=== Begin Enclosure ===
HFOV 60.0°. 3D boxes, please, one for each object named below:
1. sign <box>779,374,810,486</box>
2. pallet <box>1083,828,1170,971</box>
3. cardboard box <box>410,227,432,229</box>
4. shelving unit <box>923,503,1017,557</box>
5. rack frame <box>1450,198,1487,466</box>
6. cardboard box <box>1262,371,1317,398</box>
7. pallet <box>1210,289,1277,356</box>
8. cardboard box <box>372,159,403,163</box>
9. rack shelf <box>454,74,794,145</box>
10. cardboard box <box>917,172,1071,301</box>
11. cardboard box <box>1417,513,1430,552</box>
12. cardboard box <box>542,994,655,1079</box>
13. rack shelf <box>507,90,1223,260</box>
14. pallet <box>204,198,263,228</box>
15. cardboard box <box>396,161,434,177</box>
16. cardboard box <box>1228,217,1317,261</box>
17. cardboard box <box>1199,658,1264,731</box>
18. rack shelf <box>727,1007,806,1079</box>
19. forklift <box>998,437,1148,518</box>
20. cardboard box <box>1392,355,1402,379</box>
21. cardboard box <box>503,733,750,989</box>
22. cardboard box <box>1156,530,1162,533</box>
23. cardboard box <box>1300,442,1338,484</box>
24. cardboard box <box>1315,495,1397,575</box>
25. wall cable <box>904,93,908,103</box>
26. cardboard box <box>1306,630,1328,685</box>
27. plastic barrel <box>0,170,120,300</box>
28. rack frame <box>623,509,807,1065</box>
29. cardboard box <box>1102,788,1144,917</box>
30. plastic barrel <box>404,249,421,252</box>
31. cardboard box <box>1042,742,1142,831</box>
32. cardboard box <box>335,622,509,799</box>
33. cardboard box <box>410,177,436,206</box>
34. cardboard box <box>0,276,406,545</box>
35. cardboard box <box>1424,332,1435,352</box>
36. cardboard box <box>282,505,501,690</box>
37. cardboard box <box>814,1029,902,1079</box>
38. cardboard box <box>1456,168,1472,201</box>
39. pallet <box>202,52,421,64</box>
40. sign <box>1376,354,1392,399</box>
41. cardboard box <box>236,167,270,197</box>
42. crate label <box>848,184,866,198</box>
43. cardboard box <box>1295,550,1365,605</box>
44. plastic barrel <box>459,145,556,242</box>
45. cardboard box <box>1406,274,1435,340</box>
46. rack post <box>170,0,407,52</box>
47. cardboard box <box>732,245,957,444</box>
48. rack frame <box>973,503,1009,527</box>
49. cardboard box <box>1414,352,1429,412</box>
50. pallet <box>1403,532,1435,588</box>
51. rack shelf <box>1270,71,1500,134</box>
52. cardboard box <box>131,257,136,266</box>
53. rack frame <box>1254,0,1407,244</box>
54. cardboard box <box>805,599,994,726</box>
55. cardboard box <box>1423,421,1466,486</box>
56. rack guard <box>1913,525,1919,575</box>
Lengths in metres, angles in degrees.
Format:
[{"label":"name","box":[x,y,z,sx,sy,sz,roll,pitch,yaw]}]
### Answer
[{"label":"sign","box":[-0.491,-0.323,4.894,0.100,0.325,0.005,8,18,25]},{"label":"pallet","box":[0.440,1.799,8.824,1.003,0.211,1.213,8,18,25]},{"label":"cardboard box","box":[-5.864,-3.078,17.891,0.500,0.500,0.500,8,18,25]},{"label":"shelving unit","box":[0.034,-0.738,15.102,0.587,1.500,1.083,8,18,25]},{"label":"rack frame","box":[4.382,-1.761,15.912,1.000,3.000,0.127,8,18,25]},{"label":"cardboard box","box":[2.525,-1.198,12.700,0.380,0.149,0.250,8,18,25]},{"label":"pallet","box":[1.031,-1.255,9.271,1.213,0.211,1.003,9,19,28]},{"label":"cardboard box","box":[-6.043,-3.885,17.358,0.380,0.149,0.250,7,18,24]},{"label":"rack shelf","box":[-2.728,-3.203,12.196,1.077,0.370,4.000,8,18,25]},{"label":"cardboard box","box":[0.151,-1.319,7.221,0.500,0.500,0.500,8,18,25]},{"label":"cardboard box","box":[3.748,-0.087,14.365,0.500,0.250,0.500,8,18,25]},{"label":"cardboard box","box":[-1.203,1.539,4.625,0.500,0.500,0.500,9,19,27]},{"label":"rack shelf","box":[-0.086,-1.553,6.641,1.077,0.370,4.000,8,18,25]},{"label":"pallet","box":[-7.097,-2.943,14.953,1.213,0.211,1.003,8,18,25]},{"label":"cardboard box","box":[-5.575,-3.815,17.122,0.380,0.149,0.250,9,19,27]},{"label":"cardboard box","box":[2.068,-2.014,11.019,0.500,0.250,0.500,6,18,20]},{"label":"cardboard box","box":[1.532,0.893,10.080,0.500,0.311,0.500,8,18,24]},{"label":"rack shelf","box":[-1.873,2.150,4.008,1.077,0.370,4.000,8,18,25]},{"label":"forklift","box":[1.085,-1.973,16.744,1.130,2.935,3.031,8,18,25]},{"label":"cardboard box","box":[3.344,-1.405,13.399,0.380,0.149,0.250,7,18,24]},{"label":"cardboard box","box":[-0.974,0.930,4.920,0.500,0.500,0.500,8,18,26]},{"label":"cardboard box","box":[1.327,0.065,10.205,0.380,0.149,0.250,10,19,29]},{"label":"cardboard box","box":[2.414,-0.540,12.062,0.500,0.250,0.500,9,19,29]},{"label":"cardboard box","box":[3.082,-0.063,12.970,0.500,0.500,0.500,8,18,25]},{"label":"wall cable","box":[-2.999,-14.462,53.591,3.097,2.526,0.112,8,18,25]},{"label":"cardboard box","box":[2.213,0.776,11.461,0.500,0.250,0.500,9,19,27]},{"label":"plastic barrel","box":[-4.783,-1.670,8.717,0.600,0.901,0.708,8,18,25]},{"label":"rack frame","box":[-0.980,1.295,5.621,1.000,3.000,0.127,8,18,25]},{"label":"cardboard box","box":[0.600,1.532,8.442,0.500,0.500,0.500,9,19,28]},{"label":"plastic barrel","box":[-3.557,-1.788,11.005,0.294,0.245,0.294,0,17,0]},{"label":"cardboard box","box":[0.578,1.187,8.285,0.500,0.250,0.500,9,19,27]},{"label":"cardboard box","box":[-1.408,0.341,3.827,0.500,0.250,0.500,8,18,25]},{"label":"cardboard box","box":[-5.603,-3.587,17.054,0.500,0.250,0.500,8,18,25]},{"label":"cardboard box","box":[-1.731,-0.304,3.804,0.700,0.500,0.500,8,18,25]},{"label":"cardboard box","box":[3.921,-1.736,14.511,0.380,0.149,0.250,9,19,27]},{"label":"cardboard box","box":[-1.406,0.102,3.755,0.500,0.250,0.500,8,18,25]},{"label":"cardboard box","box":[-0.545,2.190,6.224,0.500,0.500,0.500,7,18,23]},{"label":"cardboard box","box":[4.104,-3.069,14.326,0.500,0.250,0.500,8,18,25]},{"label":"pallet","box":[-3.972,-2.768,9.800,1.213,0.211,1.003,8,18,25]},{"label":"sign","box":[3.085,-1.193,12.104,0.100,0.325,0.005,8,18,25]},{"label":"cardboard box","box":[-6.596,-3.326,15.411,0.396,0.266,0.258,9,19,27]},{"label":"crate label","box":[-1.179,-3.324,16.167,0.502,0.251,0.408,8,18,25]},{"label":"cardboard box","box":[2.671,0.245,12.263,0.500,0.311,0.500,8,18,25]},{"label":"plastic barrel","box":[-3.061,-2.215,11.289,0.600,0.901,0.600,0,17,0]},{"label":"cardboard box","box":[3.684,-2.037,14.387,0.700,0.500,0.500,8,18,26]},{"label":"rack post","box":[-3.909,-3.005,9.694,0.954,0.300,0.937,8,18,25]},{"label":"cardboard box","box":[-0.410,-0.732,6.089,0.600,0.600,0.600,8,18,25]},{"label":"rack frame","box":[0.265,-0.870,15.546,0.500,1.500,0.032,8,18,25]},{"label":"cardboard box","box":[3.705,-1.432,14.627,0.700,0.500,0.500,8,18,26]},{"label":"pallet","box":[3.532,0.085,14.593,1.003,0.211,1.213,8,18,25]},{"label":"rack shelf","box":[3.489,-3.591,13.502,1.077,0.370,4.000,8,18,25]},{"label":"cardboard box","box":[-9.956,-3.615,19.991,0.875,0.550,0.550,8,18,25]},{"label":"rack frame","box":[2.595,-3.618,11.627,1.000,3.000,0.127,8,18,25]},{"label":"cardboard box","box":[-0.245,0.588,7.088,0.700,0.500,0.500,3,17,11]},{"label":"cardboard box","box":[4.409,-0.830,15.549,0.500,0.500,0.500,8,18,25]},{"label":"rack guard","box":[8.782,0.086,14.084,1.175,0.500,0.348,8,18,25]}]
=== End Enclosure ===
Start with the first line of the data and print every line exactly. The line containing "11. cardboard box" is the last one to include.

## [ANSWER TO THIS PROBLEM]
HFOV 60.0°. 3D boxes, please, one for each object named below:
1. sign <box>779,374,810,486</box>
2. pallet <box>1083,828,1170,971</box>
3. cardboard box <box>410,227,432,229</box>
4. shelving unit <box>923,503,1017,557</box>
5. rack frame <box>1450,198,1487,466</box>
6. cardboard box <box>1262,371,1317,398</box>
7. pallet <box>1210,289,1277,356</box>
8. cardboard box <box>372,159,403,163</box>
9. rack shelf <box>454,74,794,145</box>
10. cardboard box <box>917,172,1071,301</box>
11. cardboard box <box>1417,513,1430,552</box>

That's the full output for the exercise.